This article appeared January 9, 2014 in The Gardner News.
Nyoka Norine Blanchard, 27, told officials she was freezing to death when she called Our Father’s House at about 6 p.m. on Tuesday night asking for help.
The temperature had dropped to a mere 7 degrees, and the wind made it feel even colder inside of the abandoned factory she and two other homeless individuals — Paul Henry Flagg, 35, and Donald Ketola, 38 — had holed up in on Mill Street.
Labeled with a no trespassing sign, the building was so decrepit, so unstable Gardner police would not even walk inside when they arrived at 6:15 p.m., according to Police Chief Neil Erickson. Instead, they called from the door for anyone inside the building to come out.
At first, no one came.
Officers then called Our Father’s House, a homeless shelter in Fitchburg, that works with communities as far west as Orange. Outreach coordinator Kevin MacLean, who had talked to the three individuals earlier that night, gave the officers Flagg’s cell phone number, according to police reports.
After 45 minutes of negotiations, officers coaxed the three out.
Flagg kept telling officers “he did not want to get in trouble,” Officer Joseph Wolski later indicated. Mr. Flagg asked that he and Ms.
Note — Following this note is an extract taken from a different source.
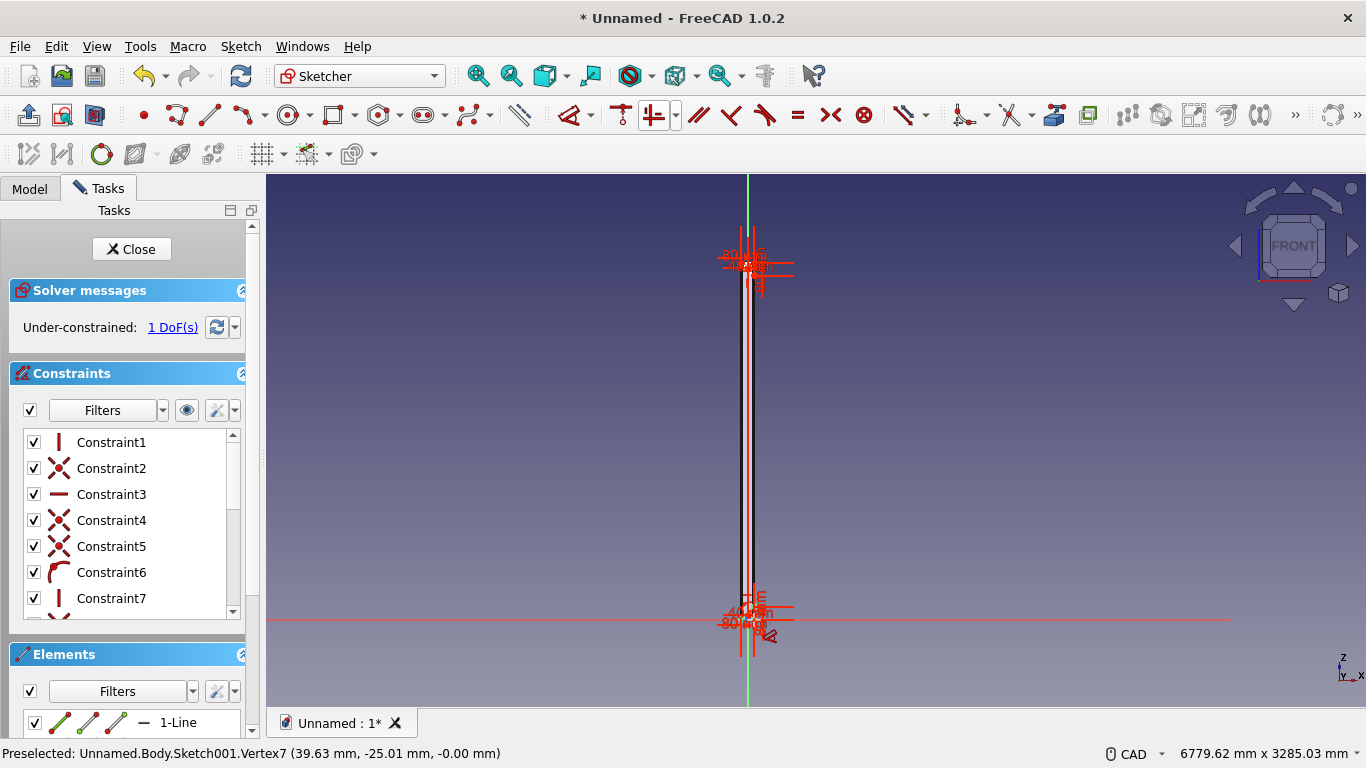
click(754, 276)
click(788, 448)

Blanchard be placed into protective custody.
If the three were sober, they would have been brought straight to Our Father’s House at 199 Summer St. in Fitchburg to spend the night, however, they were “highly intoxicated,” Chief Erickson said. Instead, the three were arrested for trespassing, and brought to the police station to be booked.
“They spent the night with us,” said the chief, “where they stayed warm and were fed.”
Mr. MacLean praised the police department’s actions the next day.
“It kept them alive,” he said. “Last night was cold and three people drinking in an abandoned building wouldn’t have woken up this morning.”
Ms. Blanchard was right to be afraid of the cold. Since the deep-freeze started on Sunday, the Associate Press has reported 21 deaths related to the cold. Several of the deaths were homeless people who either refused shelter or didn’t make it in time.
What to do with the homeless when the mercury drops to potentially fatal temperatures is a problem that plagues cities throughout the United States.
Springfield reported that many of their shelters were full Tuesday night, with some facilities offering to let people sleep on the floor. In Chicago, authorities opened up emergency shelters this past week to give people somewhere to stay warm.
In Gardner, police estimate there are about 10 homeless individuals and Mr. MacLean believes the number could be double. Officials in nearby Winchendon estimate there are 22 to 25 homeless people in town. Neither Gardner nor Winchendon have a shelter available within their limits.
In the city, it would take the mayor declaring a state of emergency to open one up for a night, according to Gardner Emergency Management Director Paul Topolski.
“The shelter would have to benefit the community at large, not a few individuals,” Mr. Topolski said.
In extreme weather, the Gardner CAC has a partnership with the United Way of North Central Massachusetts, which allows homeless individuals to come in, and fill out brief paperwork in order to obtain a hotel room for the night.
It’s a great program, according to CAC Program Director Karen Sharpe, but Tuesday night’s freeze was not quite cold enough.
“We didn’t get a fax letting us know we could use the program,” said Sharpe. There was no email either.
That leaves Gardner’s homeless population – as well as the surrounding communities – with three choices: find a place on the streets to spend the night, get arrested or find a way to get to Our Father’s House.
Of those three choices connecting people to Our Father’s – a 28-bed facility that helped 950 individuals last winter – is the best option, according to Chief Erickson.
“These arrests are not a preferred way to get the homeless off the street,” he said. “The preferred option is getting them to the shelter.”
Homeless individuals can get to Our Father’s via the Montachusett Regional Transit Authority bus, which costs $1.50 or police and Mr. MacLean have been known to give people a ride.
Mr. MacLean knows the areas homeless population well. He spends at least two days a week in Gardner going to “homeless hotspots” to see if there is anyway he can do to help, he said. He leaves a business card at almost every place he goes.
With many of the individuals he helps, including the three people arrested on Tuesday, Mr. MacLean often has a history that goes back years.
“It’s so sad,” Mr. MacLean added. “Two of them are very able-bodied, hard workers. I got them an apartment and a job a couple years ago.”
Three weeks ago, when making his rounds, Mr. MacLean found the trio in an abandoned building. He said they were near death. Police and ambulance were called, and they were taken to Heywood hospital for treatment, according to Mr. MacLean. They then refused shelter, and returned to the streets.
Following Tuesday’s arrests, Ms. Blanchard, Mr. Flagg and Mr. Ketola were arraigned in Gardner District Court. All three were released on two months of administrative probation.
As long as it stays cold, incidents like Tuesdays will continue to happen, according to Mr. MacLean.
These incidents “are more common when it is cold,” he said.